Filmed in London, Karachi, and Lahore – one city, Syed has said, falls into another – Eating Grass is organized around the five daily prayers of Muslim traditional practice. Syed, who is also a poet, compliments this pace of the day as punctuated by calls to prayer with an underlying poetic and lyrical rhythm. As per a 2012 interview with LACMA assistant curator Julie Romain, Syed originally wrote a short story in relation to the early morning call to prayer, inspired by her realization one day in Karachi that the call she had originally taken to be the traditional one of a muezzin was actually a distorted tape recording. She then went on to write four additional short stories that relate to the remaining daily calls to prayer; together these five visual and audio vignettes comprise the film.

Calls to prayer, Syed has stated, serve as access points to memories. The stringing of these memories together in and through our daily lives results in a feeling of continuity; it is this flow she calls upon in the film. In an October 2, 2012 guest lecture given to art history students at UCLA, Syed suggested that the viewers allow themselves to “feel” the film, to follow it in a dream-like manner, rather than attempt to intellectually trace or decipher its meaning. Such instruction frees from viewer from attempting what tends to come naturally – finding a pattern or inventing a story – and allows him or her to instead give in to nuance and impression. Visually, the film has a “ghosted” appearance – a result of her filming and processing technique – that emphasizes a realization of the very real presence memories have as they juxtapose themselves in our daily lives. The lyrical rise and fall of the audio – comprised of English and Urdu voice-over – follows its own cadence. The two languages are not quite direct translations, do not quite line up either in meaning or in pace, and therefore portray both the disconnect and the complexity of language.

Alla Syed, ‘Eating Grass’, 2003Image courtesy: http://www.a-n.co.uk/artists_talking/images/130011

Alla Syed, ‘Eating Grass’, 2003
Image courtesy: http://www.a-n.co.uk/artists_talking/images/130011

Life, Syed has beautifully said, is littered with intimacies; this may take the form of a stranger on the bus with whom one has, at a distance, developed an imagined affinity with, or of a sound or smell that suddenly connects one’s immediate reality with some distant past. Her film Eating Grass, gives visual and aural form to these intimacies, places them within the flow of a day, and recreates the experience of the drift between public and private, outer and inner, realities.

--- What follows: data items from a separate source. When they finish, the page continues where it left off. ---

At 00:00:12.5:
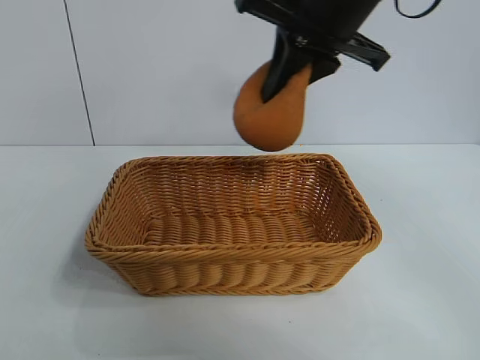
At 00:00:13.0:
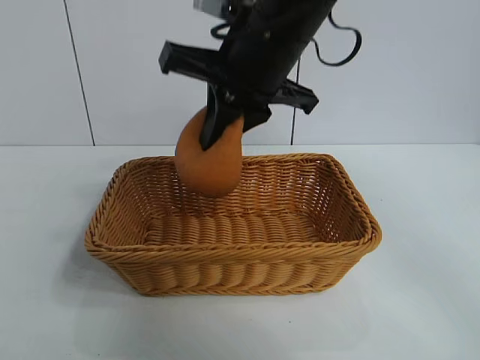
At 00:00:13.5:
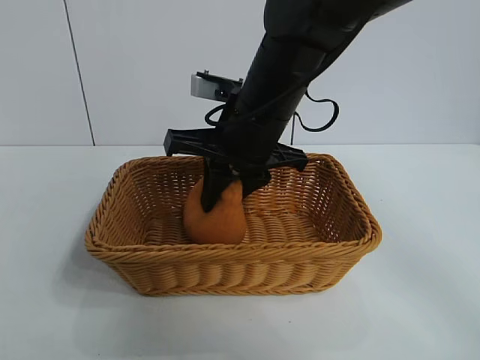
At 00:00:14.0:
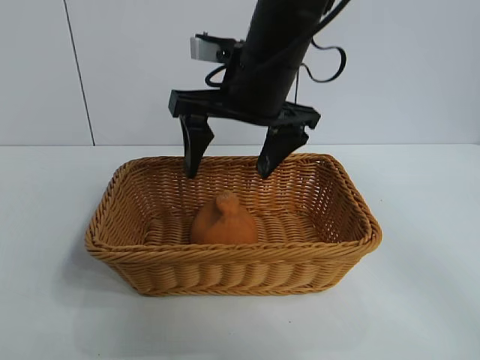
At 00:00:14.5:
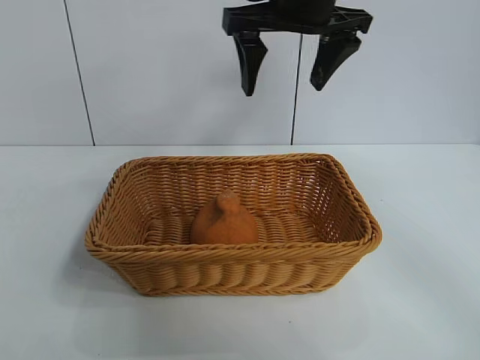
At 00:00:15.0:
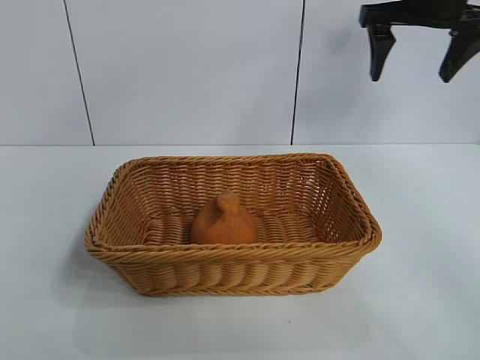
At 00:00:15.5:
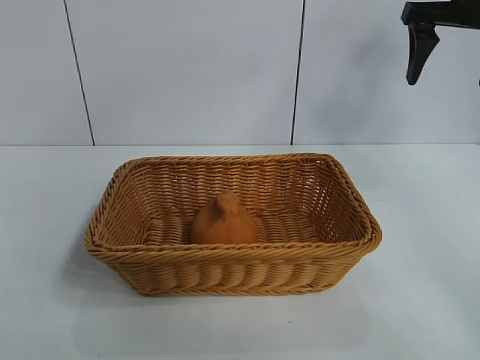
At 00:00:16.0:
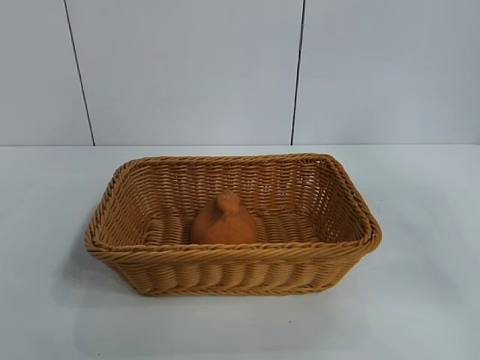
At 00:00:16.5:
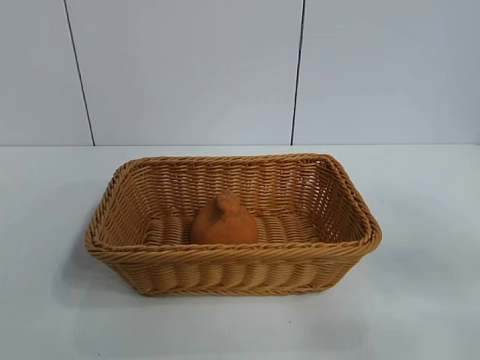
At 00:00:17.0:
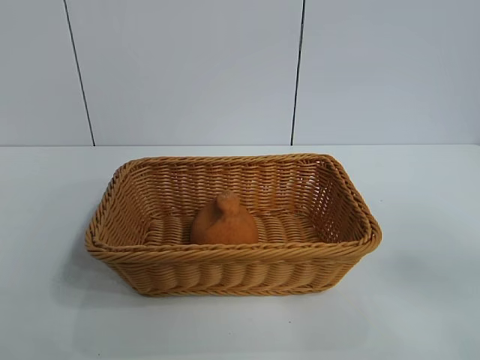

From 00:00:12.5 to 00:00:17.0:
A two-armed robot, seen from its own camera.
Task of the whole recording: pick up the orange and put it into the basket.
Step, from 00:00:12.5 to 00:00:14.0: Place the orange in the basket with right gripper.

Throughout, Syed’s work recalls both the delicate balance and the inherent instability between the two worlds.

Tracy Buck is currently pursing a PhD in Art History at the University of California, Los Angeles. She holds MA degrees in South Asian Cultures and Languages and in Museum Studies, and has worked in the Collections Management and Curatorial departments of several history and art museums in Seattle and Los Angeles.